Dmytro Taranovsky
December 9, 2012
Modified: Dec 11, 2012

Same-Sex Marriage under the US Constitution

Suggested outline for how the Supreme court should rule in Hollingsworth v. Perry.
Note: The document is largely written in the style as if it is a Supreme Court opinion.

Held: California Proposition 8 (2008) is unconstitutional.


We first note that the appellants have standing because as the California Supreme Court held, for the purposes here, they are agents of the state. While standing in federal courts is a federal issue, it may rely on rights created by state law, and on questions of state law, we ordinarily defer to state courts.

The Right to Marry

The Fundamental Right
Substantial due process protects not only those rights enumerated in the Bill of Rights, but also, as the Ninth Amendment suggests, some unenumerated rights, including rights that are deeply rooted in the consciousness and legal traditions of the American people. The right to marry predates the formation of our government and is so deeply rooted in history and traditions as to be considered fundamental. It is recognized as fundamental by our precedent: Loving v. Virginia 388 U.S. 1 (1967), Zablocki v. Redhail 434 U.S. 374 (1978), Turner v. Safley, 482 U.S. 78 (1987). In Turner, a unanimous court has concluded that the right to marry extends even to prisoners who, under our precedent, can be denied so many of the other rights considered fundamental.

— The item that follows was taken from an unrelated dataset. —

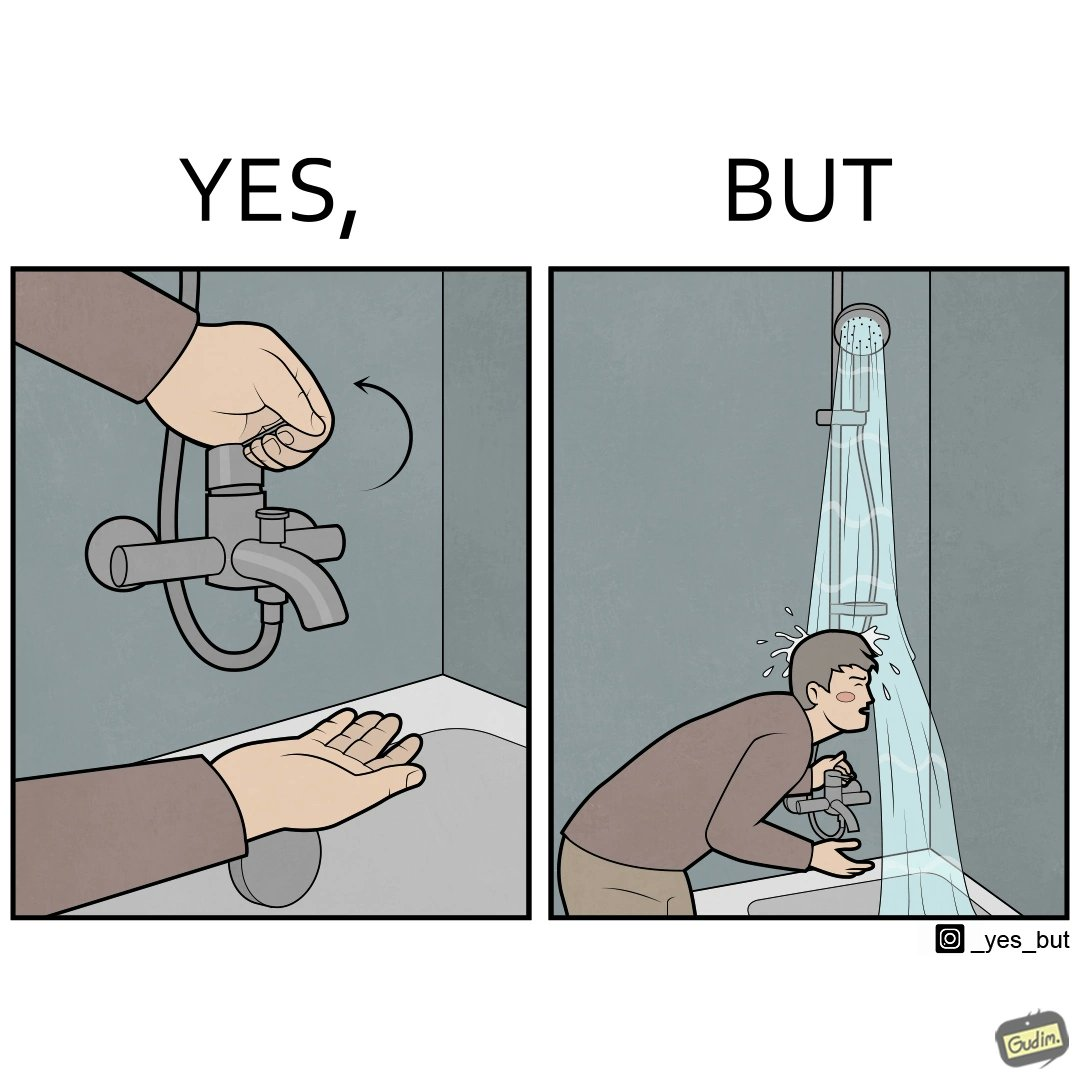What is shown in the left half versus the right half of this image? In the left part of the image: A person operating a tap on top of a bathtub. In the right part of the image: A person operating a tap on top of the bathtub, while water is pouring down on the person from the handheld shower rested upon a holder.

Our traditions guide us in deciding which unenumerated rights are fundamental but are not the end of the inquiry. In particular, the scope of the recognized rights must be consistent with the constitutional text. The due process clause uses "person" not "man" and as such is gender-neutral: It grants the same rights to men as it does to women. Men and women are fundamentally equal, and it would make no sense to hold that, for example, men but not women have a constitutional right to marry. We emphasize that the question is not just whether a state may discriminate on the basis of sex but whether the due process clause itself is discriminatory. It is not. The opposite sex restriction is not a permissible construction of the constitutional right to marry.

Sex Discrimination
Because of the importance of the holding, we note that it is independently supported on another ground as well: The ban discriminates on the basis of sex without satisfying a sufficiently important governmental interest. Under the initiative, the class of persons one can marry is determined at birth (actually, conception) and depends solely on one's sex. The initiative does not prohibit gay men from marrying lesbian women; it prohibits persons of same sex from marrying regardless of their sexual orientation. Moreover, the ban is related to the long-standing historical practice of sex discrimination, particularly in marriage. In the past, the husband was regarded as the master and the wife was expected to obey him; men and women had very different roles, and same-sex marriage was incomprehensible to many as inconsistent with these gender roles. However, this is now mostly in the past, and under our precedent, men and women have generally equal rights, including in marriage.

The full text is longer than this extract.